NEW YORK (CBSNewYork) -- The FDA has recently approved a prescription eye drop to improve close-up vision.

As CBS2's Dr. Max Gomez reported Thursday, it could be life changing medication because most people are certain to have blurry, close-up vision after their mid-40s.

Toni Wright leads a double life on her Western Pennsylvania farm - partly checking on her chickens or cows and working from home as an online retail consultant.

"I have readers everywhere," said Wright.

It's the only way Wright, 54, can read things up close.

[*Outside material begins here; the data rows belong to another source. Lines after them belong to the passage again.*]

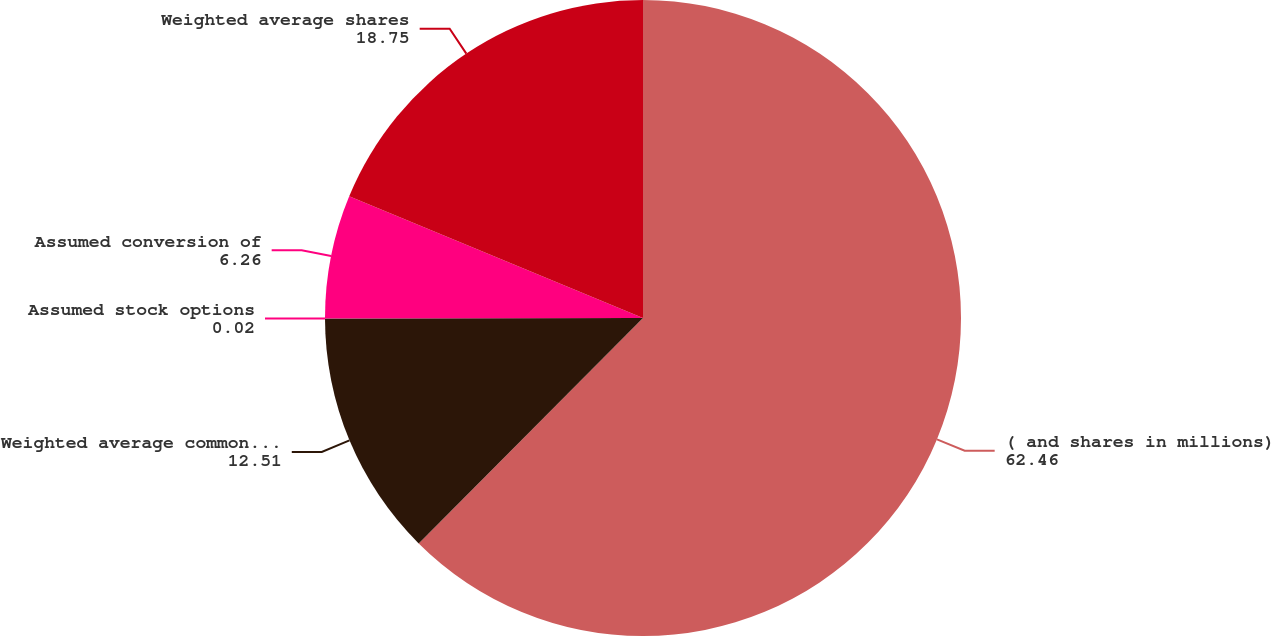Convert chart. <chart><loc_0><loc_0><loc_500><loc_500><pie_chart><fcel>( and shares in millions)<fcel>Weighted average common shares<fcel>Assumed stock options<fcel>Assumed conversion of<fcel>Weighted average shares<nl><fcel>62.46%<fcel>12.51%<fcel>0.02%<fcel>6.26%<fcel>18.75%<nl></chart> 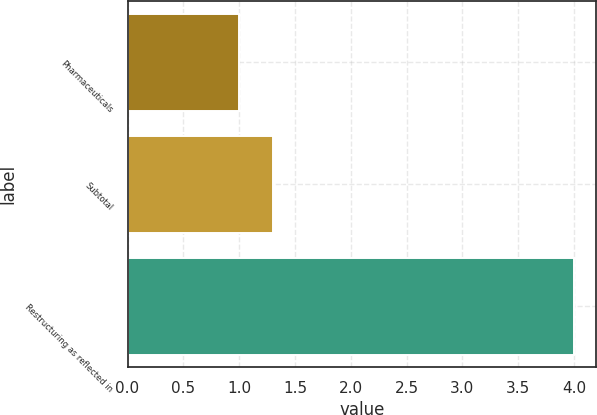<chart> <loc_0><loc_0><loc_500><loc_500><bar_chart><fcel>Pharmaceuticals<fcel>Subtotal<fcel>Restructuring as reflected in<nl><fcel>1<fcel>1.3<fcel>4<nl></chart> 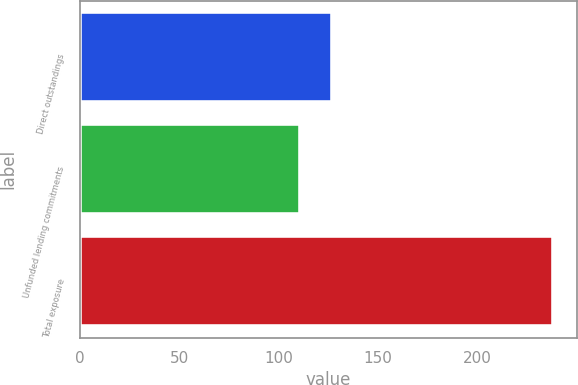Convert chart to OTSL. <chart><loc_0><loc_0><loc_500><loc_500><bar_chart><fcel>Direct outstandings<fcel>Unfunded lending commitments<fcel>Total exposure<nl><fcel>127<fcel>111<fcel>238<nl></chart> 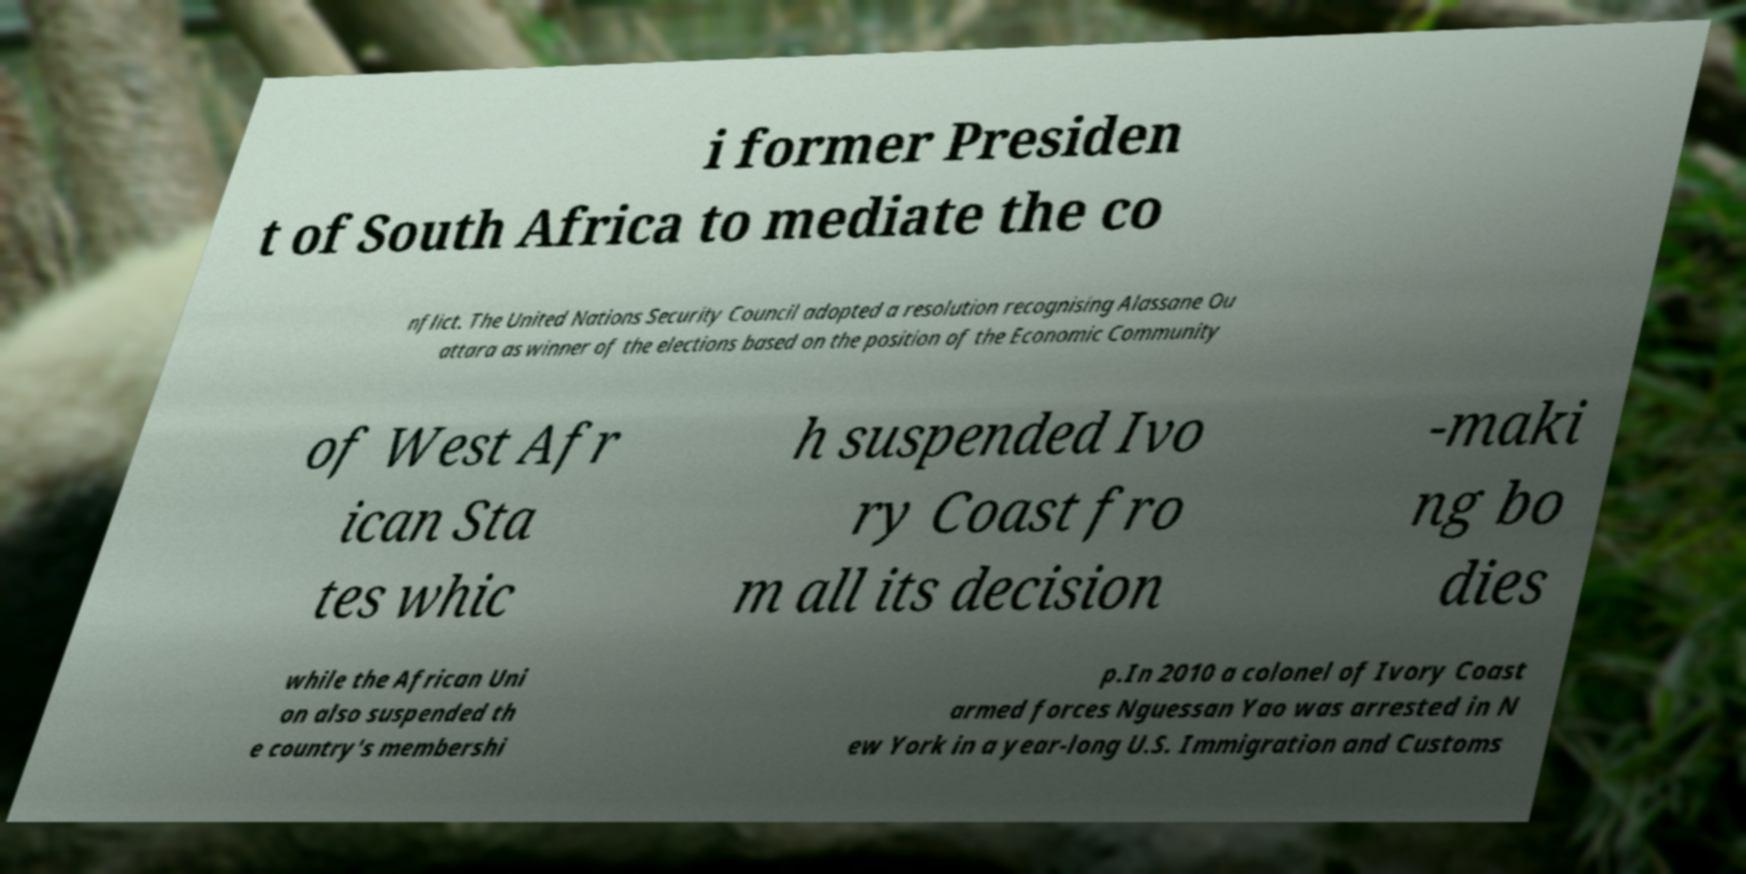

"I was in denial, because to me, that was a sign of growing older," Wright said.

In 2019, Wright's doctor told her about eye drops with the potential to temporarily correct her close-up vision.

"I would not need my readers as much, especially on the computer, where I would always need to have them on," Wright said.

Wright was one of 750 participants in a clinical trial to test the drug Vuity, the first FDA-approved eye drop to treat age-related blurry, near vision - also known as presbyopia.

"Vuity utilizes the eye's natural ability to reduce its pupil size," said Dr. George Waring, the trial's principal investigator. "Reducing the pupil size expands the depth of field or the depth of focus, and that allows you to focus at different ranges naturally."

One drop in each eye provides sharper vision for six to 10 hours.

A spokesperson for Vuity said the medicine will cost about $80 for a 30-day supply. It works best in people ages 40-55. Side effects in the three-month trial included headaches and red eyes.

"It's definitely a life changer... just a convenience to have that option of putting the drops in and being able to go," said Wright.

The prescription drops are for mild to intermediate cases and are less effective after age 65.

The maker cautions against using the drops when driving at night or performing activities in low-light conditions because the narrowed pupil does reduce the amount of light that enters the eye.